What is being asked:
Each entry should be repeated exactly. Its pictures should not be.

------------------------------------------------------------------------

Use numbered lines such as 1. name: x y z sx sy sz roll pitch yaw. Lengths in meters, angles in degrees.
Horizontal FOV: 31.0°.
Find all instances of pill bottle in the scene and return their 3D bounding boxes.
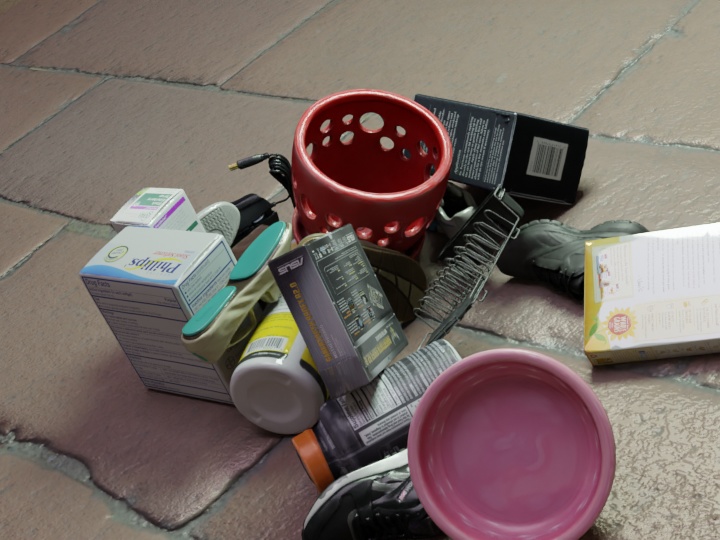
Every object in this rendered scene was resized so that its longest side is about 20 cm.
1. pill bottle: 0.028 0.164 1.391 0.199 0.107 0.106 -28 32 -6
2. pill bottle: -0.073 0.089 1.563 0.114 0.115 0.200 -7 35 25

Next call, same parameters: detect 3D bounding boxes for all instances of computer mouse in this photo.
1. computer mouse: -0.173 -0.090 1.876 0.199 0.141 0.046 -17 39 12

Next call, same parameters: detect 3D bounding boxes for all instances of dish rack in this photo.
1. dish rack: 0.120 0.007 1.545 0.200 0.054 0.154 -58 3 -40

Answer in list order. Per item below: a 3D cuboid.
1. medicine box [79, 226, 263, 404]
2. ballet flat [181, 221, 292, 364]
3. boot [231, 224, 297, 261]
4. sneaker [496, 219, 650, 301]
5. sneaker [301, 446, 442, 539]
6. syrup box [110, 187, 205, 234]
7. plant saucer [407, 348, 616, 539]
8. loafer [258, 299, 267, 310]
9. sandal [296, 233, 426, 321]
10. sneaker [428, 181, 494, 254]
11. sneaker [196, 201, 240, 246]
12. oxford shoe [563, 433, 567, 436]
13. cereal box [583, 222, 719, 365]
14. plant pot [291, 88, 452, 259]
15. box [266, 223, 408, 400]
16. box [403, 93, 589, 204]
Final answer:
1. medicine box: -0.223 0.056 1.629 0.182 0.201 0.103 6 42 39
2. ballet flat: -0.134 0.030 1.537 0.069 0.070 0.200 14 56 45
3. boot: -0.087 -0.051 1.819 0.166 0.073 0.200 19 55 45
4. sneaker: 0.246 -0.008 1.539 0.199 0.076 0.091 -5 46 35
5. sneaker: 0.037 0.238 1.309 0.199 0.076 0.088 -31 38 -10
6. syrup box: -0.243 -0.010 1.742 0.078 0.201 0.081 5 42 40
7. plant saucer: 0.146 0.174 1.249 0.200 0.202 0.051 -14 -4 16
8. loafer: -0.126 0.017 1.674 0.075 0.069 0.200 -63 9 -23
9. sandal: 0.000 0.000 1.580 0.054 0.199 0.081 35 102 58
10. sneaker: 0.119 -0.090 1.729 0.075 0.087 0.200 -30 31 -8
11. sneaker: -0.261 -0.032 1.867 0.201 0.074 0.118 -49 31 1
12. oxford shoe: 0.181 0.139 1.348 0.073 0.085 0.200 -34 31 -13
13. cereal box: 0.343 0.023 1.409 0.199 0.040 0.145 -7 58 24
14. plant pot: 0.009 -0.100 1.658 0.199 0.183 0.201 3 49 -3
15. box: -0.020 0.039 1.414 0.048 0.159 0.200 -25 3 16
16. box: 0.175 -0.161 1.717 0.147 0.105 0.200 6 9 -39
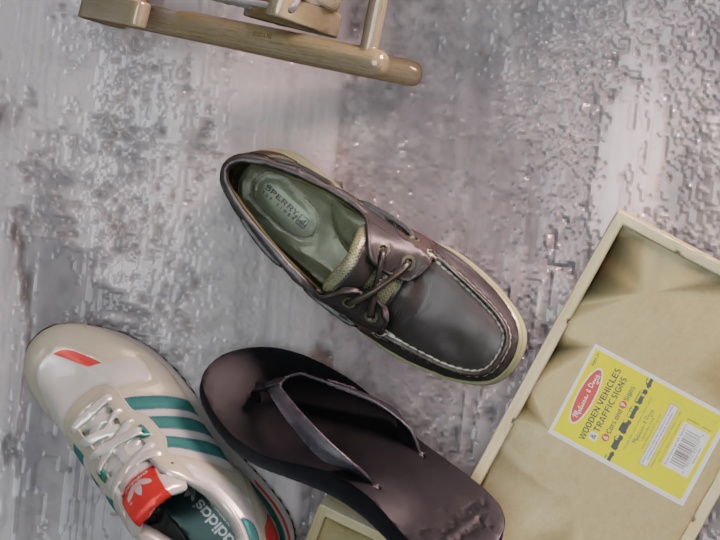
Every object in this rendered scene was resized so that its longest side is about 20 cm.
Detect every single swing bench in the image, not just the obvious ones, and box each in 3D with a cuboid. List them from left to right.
[{"bbox_3d":[-0.051,-0.219,1.169,0.200,0.130,0.199,12,94,11],"label":"swing bench"}]

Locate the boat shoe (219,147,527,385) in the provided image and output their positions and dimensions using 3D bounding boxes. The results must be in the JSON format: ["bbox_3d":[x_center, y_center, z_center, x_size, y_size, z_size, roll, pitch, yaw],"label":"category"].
[{"bbox_3d":[0.000,-0.001,1.188,0.201,0.066,0.072,37,101,16],"label":"boat shoe"}]

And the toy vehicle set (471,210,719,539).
[{"bbox_3d":[0.151,0.082,1.181,0.124,0.027,0.200,30,96,8],"label":"toy vehicle set"}]

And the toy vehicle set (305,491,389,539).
[{"bbox_3d":[0.050,0.219,1.193,0.200,0.027,0.124,25,113,9],"label":"toy vehicle set"}]

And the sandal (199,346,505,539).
[{"bbox_3d":[-0.002,0.094,1.179,0.200,0.076,0.043,30,141,24],"label":"sandal"}]

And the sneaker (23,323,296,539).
[{"bbox_3d":[-0.120,0.105,1.206,0.070,0.093,0.200,-45,84,8],"label":"sneaker"}]

------------------------------------------------------------------------

Written answer:
Use numbered lines such as 1. name: x y z sx sy sz roll pitch yaw. Lengths in meters, angles in degrees.
Horizontal FOV: 31.0°.
Find all instances of pill bottle in the scene and return their 3D bounding boxes.
Every object in this rendered scene was resized so that its longest side is about 20 cm.
1. pill bottle: 0.028 0.164 1.391 0.199 0.107 0.106 -28 32 -6
2. pill bottle: -0.073 0.089 1.563 0.114 0.115 0.200 -7 35 25

Next call, same parameters: detect 3D bounding boxes for all instances of computer mouse in this photo.
1. computer mouse: -0.173 -0.090 1.876 0.199 0.141 0.046 -17 39 12

Next call, same parameters: detect 3D bounding boxes for all instances of dish rack in this photo.
1. dish rack: 0.120 0.007 1.545 0.200 0.054 0.154 -58 3 -40

Answer in list order. Per item below: a 3D cuboid.
1. medicine box [79, 226, 263, 404]
2. ballet flat [181, 221, 292, 364]
3. boot [231, 224, 297, 261]
4. sneaker [496, 219, 650, 301]
5. sneaker [301, 446, 442, 539]
6. syrup box [110, 187, 205, 234]
7. plant saucer [407, 348, 616, 539]
8. loafer [258, 299, 267, 310]
9. sandal [296, 233, 426, 321]
10. sneaker [428, 181, 494, 254]
11. sneaker [196, 201, 240, 246]
12. oxford shoe [563, 433, 567, 436]
13. cereal box [583, 222, 719, 365]
14. plant pot [291, 88, 452, 259]
15. box [266, 223, 408, 400]
16. box [403, 93, 589, 204]
Final answer:
1. medicine box: -0.223 0.056 1.629 0.182 0.201 0.103 6 42 39
2. ballet flat: -0.134 0.030 1.537 0.069 0.070 0.200 14 56 45
3. boot: -0.087 -0.051 1.819 0.166 0.073 0.200 19 55 45
4. sneaker: 0.246 -0.008 1.539 0.199 0.076 0.091 -5 46 35
5. sneaker: 0.037 0.238 1.309 0.199 0.076 0.088 -31 38 -10
6. syrup box: -0.243 -0.010 1.742 0.078 0.201 0.081 5 42 40
7. plant saucer: 0.146 0.174 1.249 0.200 0.202 0.051 -14 -4 16
8. loafer: -0.126 0.017 1.674 0.075 0.069 0.200 -63 9 -23
9. sandal: 0.000 0.000 1.580 0.054 0.199 0.081 35 102 58
10. sneaker: 0.119 -0.090 1.729 0.075 0.087 0.200 -30 31 -8
11. sneaker: -0.261 -0.032 1.867 0.201 0.074 0.118 -49 31 1
12. oxford shoe: 0.181 0.139 1.348 0.073 0.085 0.200 -34 31 -13
13. cereal box: 0.343 0.023 1.409 0.199 0.040 0.145 -7 58 24
14. plant pot: 0.009 -0.100 1.658 0.199 0.183 0.201 3 49 -3
15. box: -0.020 0.039 1.414 0.048 0.159 0.200 -25 3 16
16. box: 0.175 -0.161 1.717 0.147 0.105 0.200 6 9 -39
Every object in this rendered scene was resized so that its longest side is about 20 cm.
Detect every single swing bench in the image, not just the obvious ones, and box each in 3D with a cuboid. List them from left to right.
[{"bbox_3d":[-0.051,-0.219,1.169,0.200,0.130,0.199,12,94,11],"label":"swing bench"}]

Locate the boat shoe (219,147,527,385) in the provided image and output their positions and dimensions using 3D bounding boxes. The results must be in the JSON format: ["bbox_3d":[x_center, y_center, z_center, x_size, y_size, z_size, roll, pitch, yaw],"label":"category"].
[{"bbox_3d":[0.000,-0.001,1.188,0.201,0.066,0.072,37,101,16],"label":"boat shoe"}]

And the toy vehicle set (471,210,719,539).
[{"bbox_3d":[0.151,0.082,1.181,0.124,0.027,0.200,30,96,8],"label":"toy vehicle set"}]

And the toy vehicle set (305,491,389,539).
[{"bbox_3d":[0.050,0.219,1.193,0.200,0.027,0.124,25,113,9],"label":"toy vehicle set"}]

And the sandal (199,346,505,539).
[{"bbox_3d":[-0.002,0.094,1.179,0.200,0.076,0.043,30,141,24],"label":"sandal"}]

And the sneaker (23,323,296,539).
[{"bbox_3d":[-0.120,0.105,1.206,0.070,0.093,0.200,-45,84,8],"label":"sneaker"}]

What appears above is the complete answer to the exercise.